Reporting Owner Name / Address Relationships
 Director  10% Owner  Officer  Other
HARTE HOUSTON H
200 CONCORD PLAZA DR.
SUITE 800
SAN ANTONIO, TX 78216
  X   X    

Signatures

 Paul Steven Hacker, Power of Attorney   04/26/2005
**Signature of Reporting Person Date

Explanation of Responses:

* If the form is filed by more than one reporting person, see Instruction 4(b)(v).
** Intentional misstatements or omissions of facts constitute Federal Criminal Violations.
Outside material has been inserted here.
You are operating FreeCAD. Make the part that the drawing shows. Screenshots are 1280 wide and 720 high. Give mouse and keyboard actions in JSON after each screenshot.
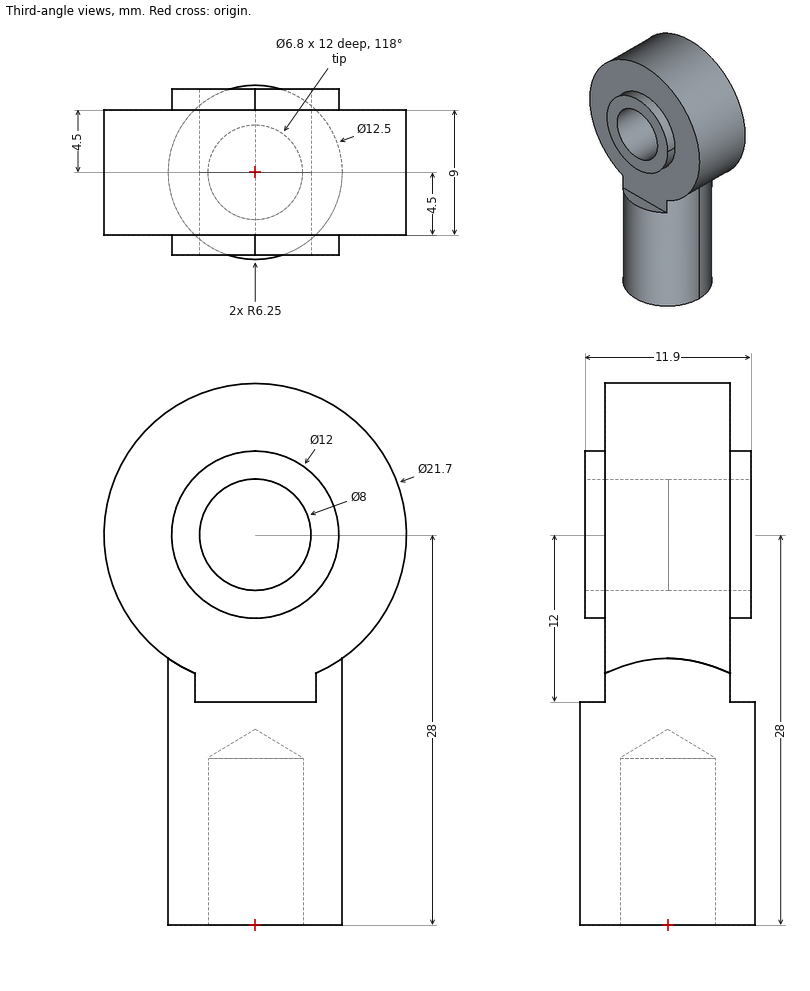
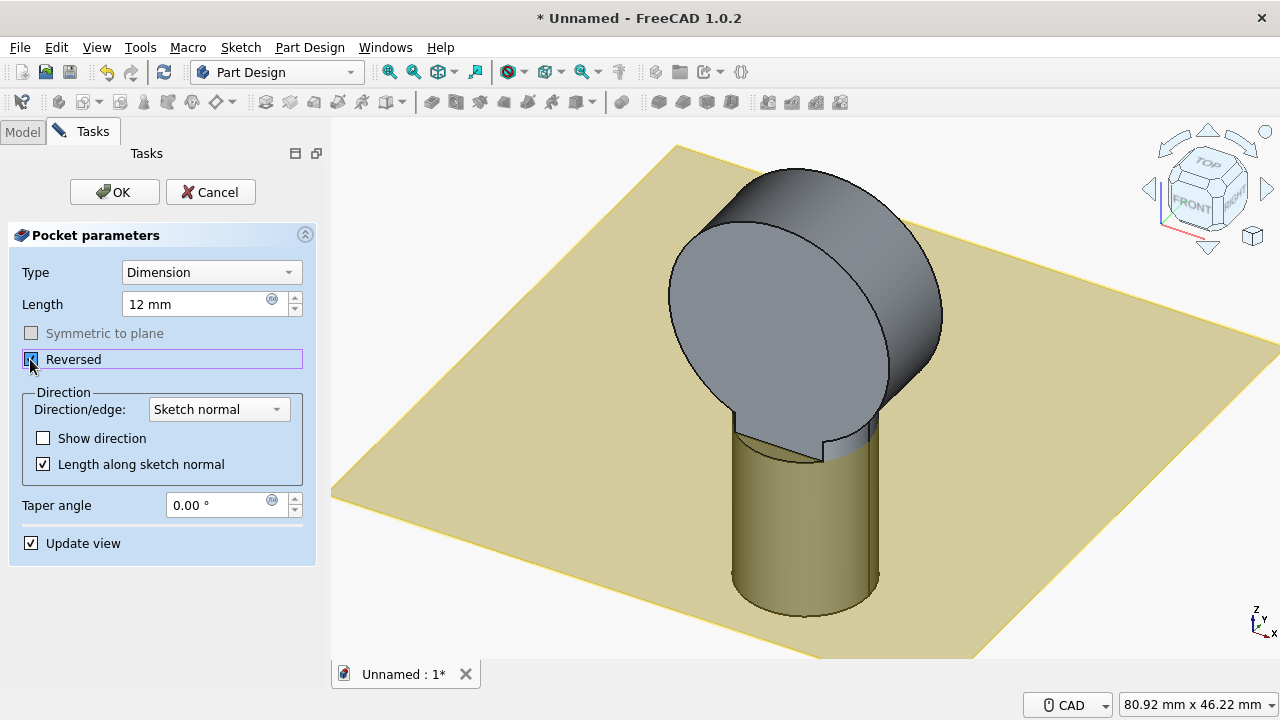
{"action": "left_click", "coordinate": [115, 192]}
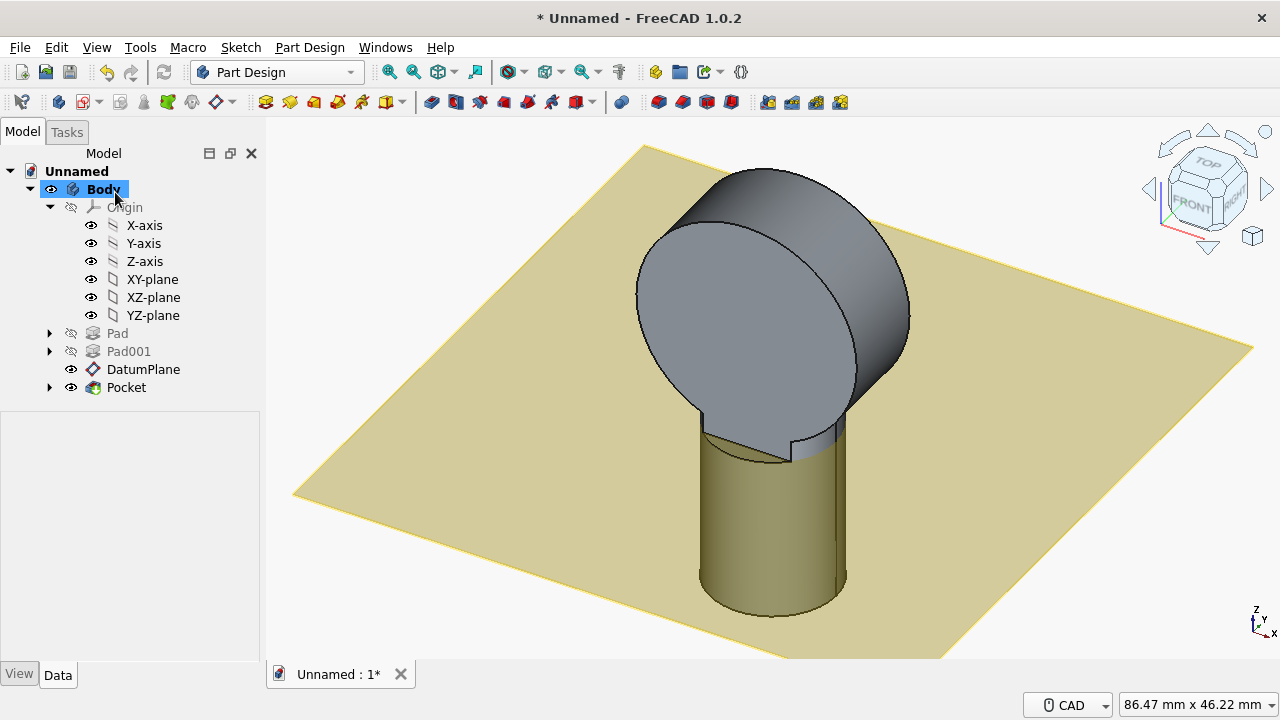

See 18 U.S.C. 1001 and 15 U.S.C. 78ff(a).
(1) In connection with the capitalization of three family limited partnerships, the Reporting Person contributed and transferred 1,033,900 shares directly to each of DHH 2005 Partners, L.P. and HRH 2005 Partners, L.P. and 990,693 shares directly to SEH 2005 Partners, L.P., of each of which he was then the sole limited partner. He also contributed and transferred 1,035 shares directly to each of DHH 2005 Partners GP, Inc. and HRH 2005 Partners GP, Inc. and 992 shares directly to SEH 2005 Partners GP, Inc., each of which is the sole corporate general partner of its related family limited partnership. The Reporting Person is the sole shareholder of each such corporation. Each of the sole general partners then contributed and transferred their shares to their related limited partnership in connection with the capitalization of the three family limited partnerships.
(2) The Reporting Person assigned all of the limited partnership interests in each of DHH 2005 Partners, L.P., HRH 2005 Partners, L.P. and SEH 2005 Partners, L.P., representing 99.9% of the partnership interests in such partnerships, to one of three irrevocable trusts. He is not the trustee of any such trust and has no pecuniary interest therein. The Reporting Person disclaims any beneficial interest in the shares held by the trusts, except as a result of the 0.1% partnership interest held in the three family limited partnerships indirectly through the general partners thereof.